The device protrusion into the aorta is one of serious complications in children, especially small infants, who undergo transcatheter device closure of patent ductus arteriosus (PDA). We present the case of a girl with PDA in whom a PDA device protruding into the aorta was successfully reshaped by balloon dilatation. A 9-month-old girl weighing 6.8 kg who had failure to thrive was referred to our hospital for percutaneous PDA closure. Echocardiography showed a large conical PDA measuring 6.0 mm at its narrowest diameter. As aortography showed a Krichenko A type PDA with the pulmonary and Aortic side diameter of 4.9 mm and 13.9 mm respectively, we deployed Amplatzer™ Duct Occluder (ADO) 10/8 from the pulmonary side. However, it migrated into the main pulmonary artery before releasing. Subsequently, an ADO 12/10 was placed in the PDA. As it was oversized, retention skirt seemed to be inadequately deployed and protruded toward the aorta. Balloon dilatation with Tyshak II 12 mm×3 cm was performed on the aortic side of the device, which resulted in better shape of the retention skirt and improved device protrusion toward the aorta. Balloon dilatation can be a feasible procedure to reshape the device protruding into the aorta in infants who undergo transcatheter device closure of PDA.

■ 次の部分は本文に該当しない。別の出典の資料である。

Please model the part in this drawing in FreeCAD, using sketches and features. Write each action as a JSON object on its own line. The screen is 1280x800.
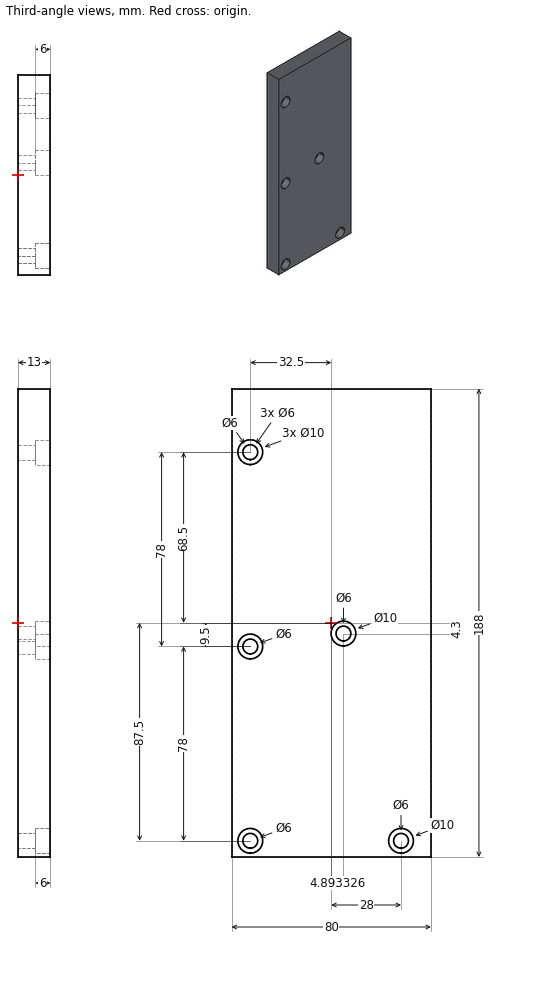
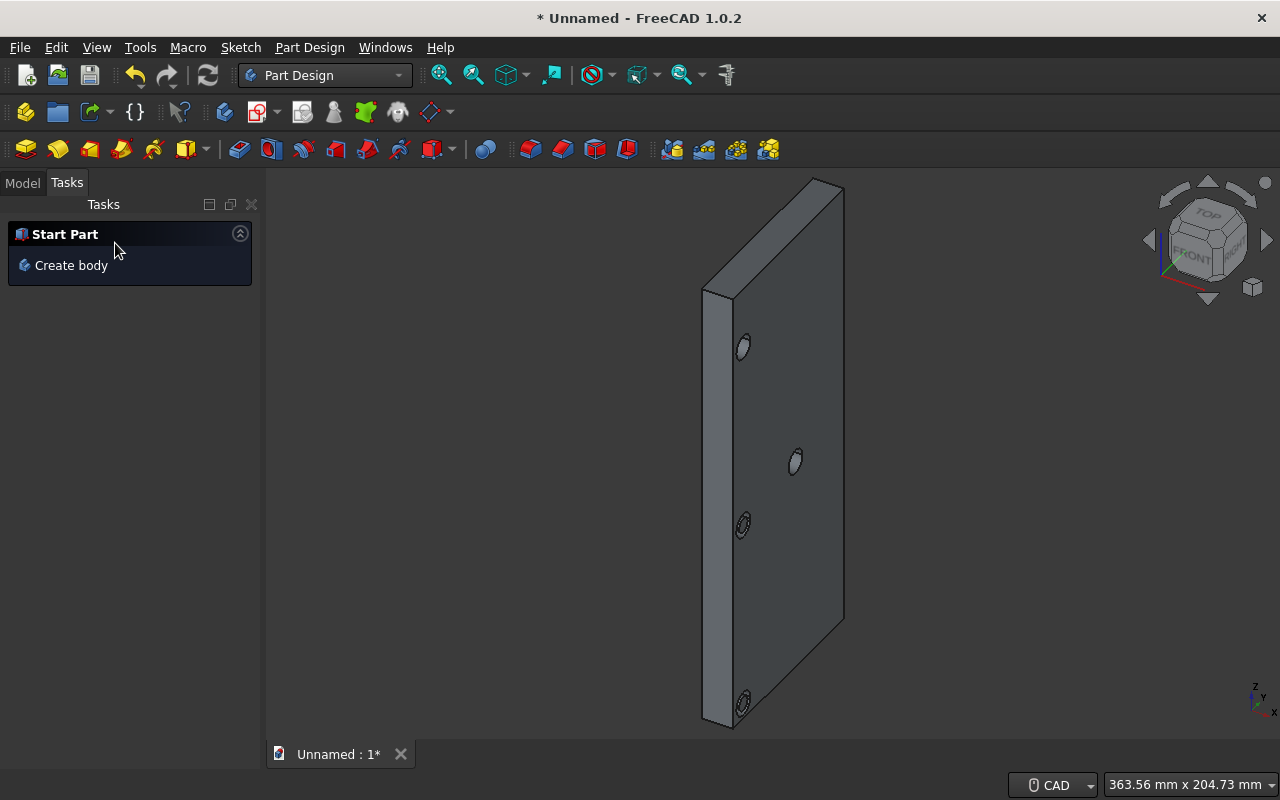
{"action": "left_click", "coordinate": [789, 580]}
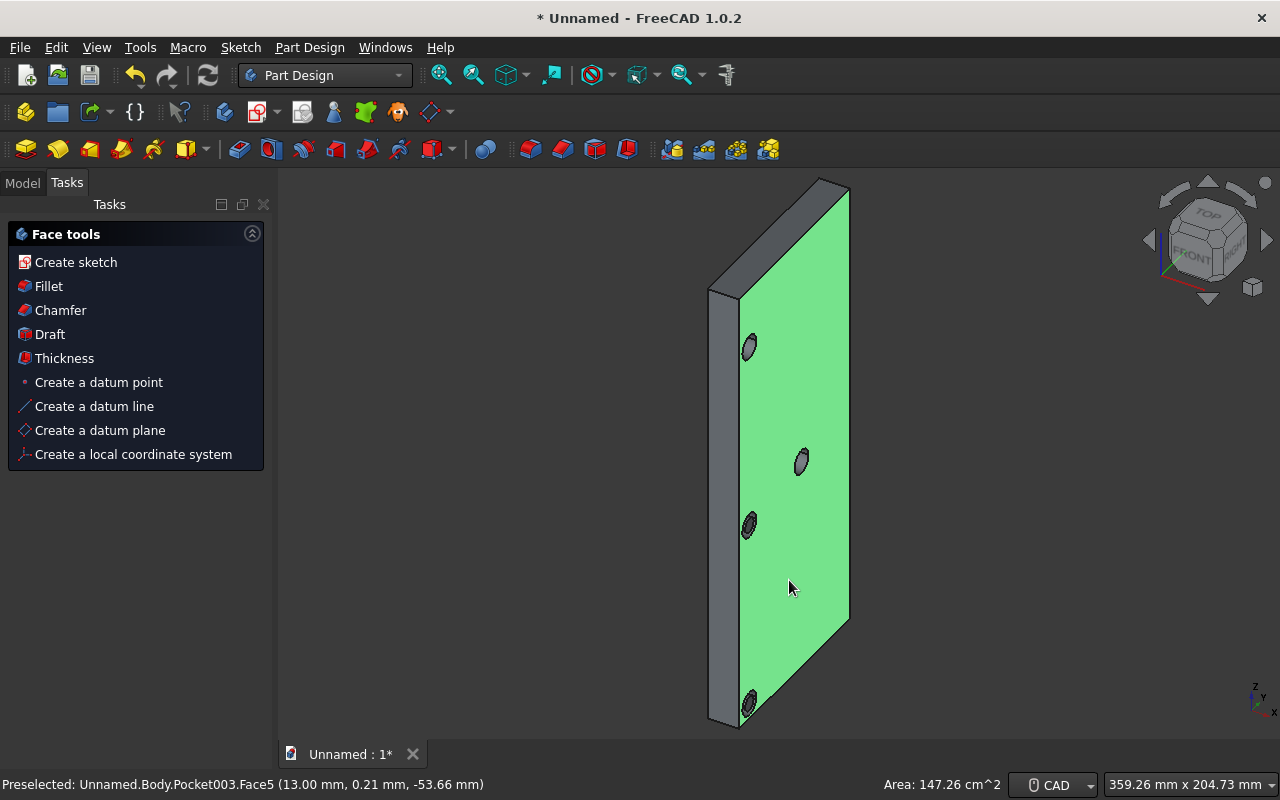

Key words: patent ductus arteriosus; percutaneous patent ductus arteriosus closure; Amplatzer Duct Occluder; balloon dilatation

はじめに

動脈管開存に対する経皮的閉鎖術は,良好な閉鎖率と高い安全性を兼ね備えた確立された治療手技であり,多くの症例において第一選択となっている1).日本国内では2009年にAmplatzer™ Duct Occluder(Abott, Pylmouth, MN, USA)が保険償還されて以降,大きな動脈管も安全に閉鎖することが可能となった.また,近年ではAmplatzer™ Duct Occluder II(Abott, Pylmouth, MN, USA)やAmplatzer™ Piccolo Occluder(Abott, Pylmouth, MN, USA)が使用可能となったことで,より幅の広い症例へと治療適応が拡大している2).しかし,乳児や体格の小さな幼児において,体格に比して大きな動脈管は閉鎖が困難な場合があり,特に肺動脈側や大動脈側へのデバイス突出には注意を要する3, 4).今回,乳児の大きな動脈管に対するAmplatzer™ Duct Occluder(以下ADO)留置後のデバイス形態不良と大動脈側への突出に対して,大動脈側のバルーン拡大術によるデバイス整形が有効な症例を経験した.

症例

1. 病歴

症例は生後9カ月の女児.在胎39週6日,出生体重2794 g,産院で出生後に心雑音と多呼吸を指摘され紹介医を受診し,動脈管開存と診断された.外来で経過観察となったが動脈管は閉鎖傾向なく,体重増加不良を認めたため当院へ紹介となり,カテーテル治療のため入院となった.入院時,体重6.8 kg(−1.5SD),身長69.8 cm(−0.1SD),血圧88/40 mmHg,脈拍133回/分,呼吸数40回/分,経皮的酸素飽和度99%(室内気),胸部聴診で肺雑音なし,心音は整,胸骨左縁第3肋間を最強点とするLeveine 4/6の連続性雑音を聴取,肝臓は触知しなかった.胸部X線でCTR 0.55,左第2弓突出と両側肺血管陰影の増強を認め(Fig. 1),血液検査でNt-pro BNP 1259 pg/mLと上昇を認めた.心臓超音波検査では,左房と左室の著明な拡大を認め,左室拡張末期径39.9 mm(157% of normal),左室駆出率48%,動脈管は円錐型(Krichenko type A)で,動脈管径は傍胸骨短軸像で肺動脈側最小径6.0 mm,大動脈側径10.0 mmと計測した(Fig. 2).動脈管血流は連続性左右短絡で,最大血流速度4.5 m/秒であった.動脈管が大きいため外科的治療も提案したが,両親は非侵襲的なカテーテル治療を強く希望されたため,治療に対するリスク等を十分に説明したうえで同意を得たので,経皮的動脈管閉鎖術を実施した.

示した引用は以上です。